Del resto è ormai consolidato l’asse tra Repubblicani ed elettorato evangelico, un’intesa nata ai tempi di George Bush («nel 2004 la permanenza di George Bush alla Casa Bianca sembrava in pericolo per l’impopolarità delle sue guerre, un grosso contributo alla rielezione venne dal suo stratega elettorale, Karl Rove, che andò a cercare negli Stati chiave sacche di evangelici, conservatori ma fin lì estranei alla politica») ma messa a sistema da Trump con l’uso “dei simboli cristiani per esorcizzare momenti per lui difficili” e “una retorica nella quale si presenta come il Salvatore” (la maiuscola è del Corriere, ndr). I suoi sostenitori non sono da meno, avvicinando la “persecuzione giudiziaria di Trump e la crocifissione di Cristo” (paragoni “aumentati vertiginosamente quest’anno” sui social), mentre i pastori dal pulpito spiegano che «Trump ha fatto anche cose vergognose, ma non è la prima volta che Dio usa un peccatore per perseguire i suoi disegni»; in questo quadro teologico dai riverberi non troppo rassicuranti l’ex presidente «ha sfruttato l’immagine della crocifissione, ma poi, consapevole di essere un peccatore, è stato attento a non paragonarsi al figlio di Dio».

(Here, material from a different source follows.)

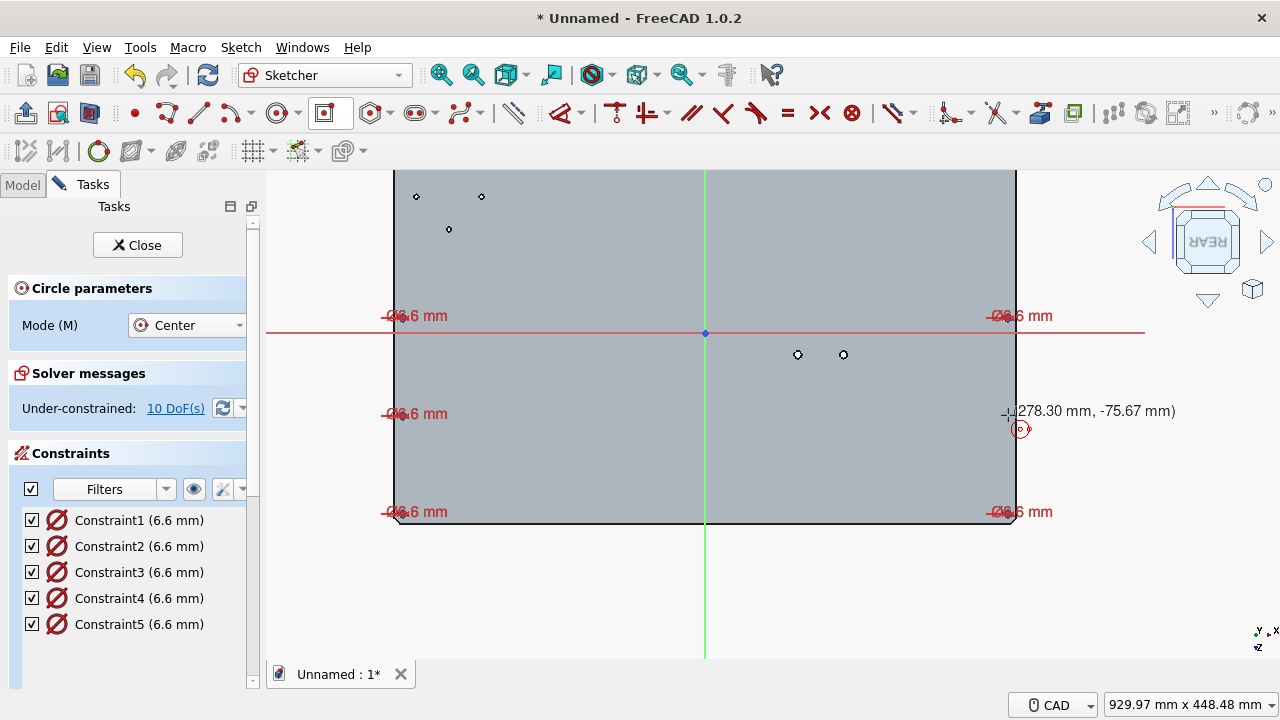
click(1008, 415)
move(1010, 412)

Qualche dubbio, semmai, emerge analizzando i dettagli, per esempio ascoltando l’intervista in cui spiega che “poteva essere morto” e invece è ancora qui «by luck or by God», per fortuna o grazie a Dio. «Trump non si è sbilanciato nello scegliere la potenza grazie a cui è ancora tra i vivi: se la fortuna o se Dio», rileva Vito Mancuso sulla Stampa. Un’attribuzione lasciata “prudentemente in sospeso”, nota il teologo, che tuttavia «diviene dirimente non appena si inizia a pensare: Scusi, per fortuna “o” per Dio?».